(Extracted data entries)
........
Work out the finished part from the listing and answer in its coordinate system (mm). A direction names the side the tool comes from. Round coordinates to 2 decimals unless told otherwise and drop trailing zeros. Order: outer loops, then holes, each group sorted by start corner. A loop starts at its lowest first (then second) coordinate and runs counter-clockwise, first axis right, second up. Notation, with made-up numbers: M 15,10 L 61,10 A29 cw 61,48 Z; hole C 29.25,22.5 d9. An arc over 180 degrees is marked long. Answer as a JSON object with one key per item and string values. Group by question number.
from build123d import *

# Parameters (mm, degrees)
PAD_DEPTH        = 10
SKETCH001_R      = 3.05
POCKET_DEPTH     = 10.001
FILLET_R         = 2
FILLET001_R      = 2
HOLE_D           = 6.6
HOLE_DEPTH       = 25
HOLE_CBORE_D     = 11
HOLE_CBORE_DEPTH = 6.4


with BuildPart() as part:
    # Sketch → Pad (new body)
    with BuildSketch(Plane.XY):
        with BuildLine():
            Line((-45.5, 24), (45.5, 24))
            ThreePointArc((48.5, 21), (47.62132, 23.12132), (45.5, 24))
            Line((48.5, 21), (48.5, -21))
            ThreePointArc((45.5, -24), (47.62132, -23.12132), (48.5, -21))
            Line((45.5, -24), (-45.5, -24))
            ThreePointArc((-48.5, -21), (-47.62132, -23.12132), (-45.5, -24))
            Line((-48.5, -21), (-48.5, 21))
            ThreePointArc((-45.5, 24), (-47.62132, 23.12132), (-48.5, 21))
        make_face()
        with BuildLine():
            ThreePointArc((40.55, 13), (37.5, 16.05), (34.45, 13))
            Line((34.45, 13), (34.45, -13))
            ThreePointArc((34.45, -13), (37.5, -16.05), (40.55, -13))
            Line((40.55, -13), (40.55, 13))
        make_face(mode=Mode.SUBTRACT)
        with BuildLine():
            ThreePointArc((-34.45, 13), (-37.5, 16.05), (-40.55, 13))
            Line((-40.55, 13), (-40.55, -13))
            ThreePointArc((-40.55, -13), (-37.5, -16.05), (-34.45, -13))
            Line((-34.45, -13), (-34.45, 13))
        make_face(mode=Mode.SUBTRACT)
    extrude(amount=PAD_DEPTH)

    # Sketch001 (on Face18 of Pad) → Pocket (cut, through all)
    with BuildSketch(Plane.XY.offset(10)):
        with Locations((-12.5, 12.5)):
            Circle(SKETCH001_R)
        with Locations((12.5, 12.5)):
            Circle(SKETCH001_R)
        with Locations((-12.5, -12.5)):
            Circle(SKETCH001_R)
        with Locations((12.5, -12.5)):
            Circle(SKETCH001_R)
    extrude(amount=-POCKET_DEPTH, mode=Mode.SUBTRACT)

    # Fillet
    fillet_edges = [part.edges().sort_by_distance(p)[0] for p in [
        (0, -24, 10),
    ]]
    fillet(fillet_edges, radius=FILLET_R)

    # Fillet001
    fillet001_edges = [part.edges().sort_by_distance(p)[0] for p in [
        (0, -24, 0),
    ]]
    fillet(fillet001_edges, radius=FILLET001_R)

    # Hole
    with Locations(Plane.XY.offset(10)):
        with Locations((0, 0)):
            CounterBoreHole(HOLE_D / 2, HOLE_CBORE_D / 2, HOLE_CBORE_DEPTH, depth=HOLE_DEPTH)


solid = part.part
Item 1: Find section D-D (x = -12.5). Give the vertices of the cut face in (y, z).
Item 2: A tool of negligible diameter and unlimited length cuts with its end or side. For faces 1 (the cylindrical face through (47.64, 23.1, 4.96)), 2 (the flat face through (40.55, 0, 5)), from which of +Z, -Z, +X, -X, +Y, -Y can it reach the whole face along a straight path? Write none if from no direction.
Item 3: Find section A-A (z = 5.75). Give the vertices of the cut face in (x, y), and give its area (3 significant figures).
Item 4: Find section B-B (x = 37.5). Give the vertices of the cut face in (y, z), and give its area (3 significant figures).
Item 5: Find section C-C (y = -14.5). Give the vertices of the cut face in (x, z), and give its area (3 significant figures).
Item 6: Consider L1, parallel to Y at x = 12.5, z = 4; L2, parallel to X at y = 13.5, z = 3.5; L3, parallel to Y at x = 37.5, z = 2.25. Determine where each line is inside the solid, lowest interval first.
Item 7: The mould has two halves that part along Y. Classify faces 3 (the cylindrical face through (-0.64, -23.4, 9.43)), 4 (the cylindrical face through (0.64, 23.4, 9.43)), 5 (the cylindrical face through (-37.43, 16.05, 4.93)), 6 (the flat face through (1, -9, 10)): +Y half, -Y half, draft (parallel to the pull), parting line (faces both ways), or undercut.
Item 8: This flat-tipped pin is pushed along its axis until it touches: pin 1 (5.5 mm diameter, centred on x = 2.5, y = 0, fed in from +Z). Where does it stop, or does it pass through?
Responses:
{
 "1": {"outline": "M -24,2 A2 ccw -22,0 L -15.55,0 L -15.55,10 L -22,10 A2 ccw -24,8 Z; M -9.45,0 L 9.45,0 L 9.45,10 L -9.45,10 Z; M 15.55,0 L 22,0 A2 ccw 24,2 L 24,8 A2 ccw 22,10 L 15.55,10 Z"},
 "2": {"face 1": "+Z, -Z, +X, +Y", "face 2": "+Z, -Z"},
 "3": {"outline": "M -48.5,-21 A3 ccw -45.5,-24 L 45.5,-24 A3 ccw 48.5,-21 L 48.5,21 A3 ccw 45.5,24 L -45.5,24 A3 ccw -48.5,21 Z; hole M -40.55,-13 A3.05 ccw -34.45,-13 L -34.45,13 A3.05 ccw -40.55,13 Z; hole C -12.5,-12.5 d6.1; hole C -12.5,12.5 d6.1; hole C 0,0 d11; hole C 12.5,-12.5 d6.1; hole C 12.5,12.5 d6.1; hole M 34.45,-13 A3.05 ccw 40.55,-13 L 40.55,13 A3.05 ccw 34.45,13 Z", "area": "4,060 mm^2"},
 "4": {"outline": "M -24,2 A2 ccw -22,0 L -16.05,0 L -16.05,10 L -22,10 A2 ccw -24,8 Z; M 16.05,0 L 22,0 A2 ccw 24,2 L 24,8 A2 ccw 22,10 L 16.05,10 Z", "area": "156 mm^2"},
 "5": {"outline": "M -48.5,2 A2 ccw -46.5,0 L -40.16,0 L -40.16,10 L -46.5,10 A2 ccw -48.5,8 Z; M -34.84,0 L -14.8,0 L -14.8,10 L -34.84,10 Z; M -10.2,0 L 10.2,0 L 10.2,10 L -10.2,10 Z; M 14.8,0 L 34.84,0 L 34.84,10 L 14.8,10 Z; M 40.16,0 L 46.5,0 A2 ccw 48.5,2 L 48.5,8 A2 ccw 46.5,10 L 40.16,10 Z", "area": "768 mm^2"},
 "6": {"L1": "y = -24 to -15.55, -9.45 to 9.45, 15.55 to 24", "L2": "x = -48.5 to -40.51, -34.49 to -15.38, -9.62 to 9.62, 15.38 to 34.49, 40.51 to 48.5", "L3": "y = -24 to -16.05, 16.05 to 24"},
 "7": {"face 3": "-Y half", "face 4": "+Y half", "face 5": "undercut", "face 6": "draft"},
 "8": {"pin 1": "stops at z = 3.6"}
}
........
Go through the records above. Copy each line in which the string "figures" appears.

* Result of the task:
Item 3: Find section A-A (z = 5.75). Give the vertices of the cut face in (x, y), and give its area (3 significant figures).
Item 4: Find section B-B (x = 37.5). Give the vertices of the cut face in (y, z), and give its area (3 significant figures).
Item 5: Find section C-C (y = -14.5). Give the vertices of the cut face in (x, z), and give its area (3 significant figures).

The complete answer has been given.